Development of Extracellular Matrix-Retaining Mesenchymal Stromal Cell Fibers for Novel Endovascular Regenerative Therapy for Aortic Disease

Postoperative aneurysm sac enlargement is a significant clinical issue in endovascular aortic aneurysm repair that is potentially associated with impaired microcirculation in the aneurysmal wall. We developed centimeter-long, fiber-shaped aggregates of human bone marrow-derived mesenchymal stromal cells (HMSC fiber) to function as a scaffold-free cellular construct applicable to endovascular treatment. HMSC fibers were fabricated using a cell self-aggregation technique and optimized by controlling the cell number per unit length to preserve cellular viability and mechanical stability. The resulting fibers retained mesenchymal stromal cell characteristics and endogenous extracellular matrix, facilitating smooth handling and intraluminal delivery without structural collapse.

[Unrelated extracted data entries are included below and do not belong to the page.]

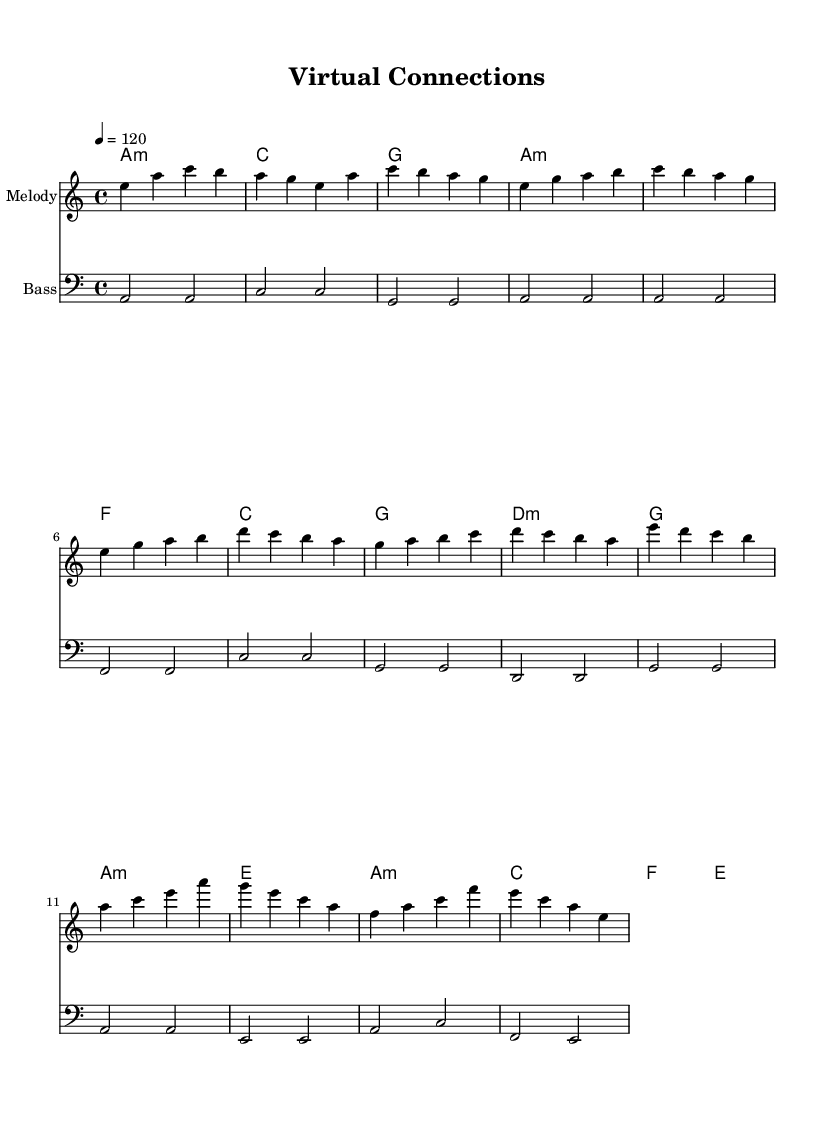What is the key signature of this music? The key signature is indicated by the key at the start of the score, which shows one flat (B♭) indicating A minor as it has no sharps or flats on the staff lines.
Answer: A minor What is the time signature of this piece? The time signature is shown right after the key signature, represented by the numbers, which indicates 4 beats per measure with the quarter note getting the beat.
Answer: 4/4 What is the tempo marking for this composition? The tempo is specified at the beginning of the score with '4 = 120', indicating the beats per minute (BPM) that the melody should be played.
Answer: 120 How many measures are in the chorus section? To determine the number of measures in the chorus, count the number of bars (vertical lines) indicated, which are part of the chorus identified in the given section.
Answer: 4 What is the first chord of the song? The first chord can be found at the beginning of the harmonies and is labeled as A minor which signifies the starting harmony of the music.
Answer: A minor Which section contains a pre-chorus? Identifying sections through their labels, the "Pre-Chorus" is marked clearly in the structure of the piece guiding through the transitions between the verses and chorus.
Answer: Pre-Chorus What is the lowest note in the bassline? The lowest note in the bassline can be seen in the bass clef at the start; it is represented as A2, indicating the lowest pitch used within the piece.
Answer: A2

After transcatheter administration into a swine aortic aneurysm model, HMSC fiber-induced fibroconnective tissue formation stimulated neovascularization within the aneurysm cavity. These findings demonstrate the feasibility of HMSC fiber as a controllable and stable platform for localized endovascular cell delivery. Furthermore, this study established their potential utility as a regenerative adjunct to current endovascular treatment for aortic disease.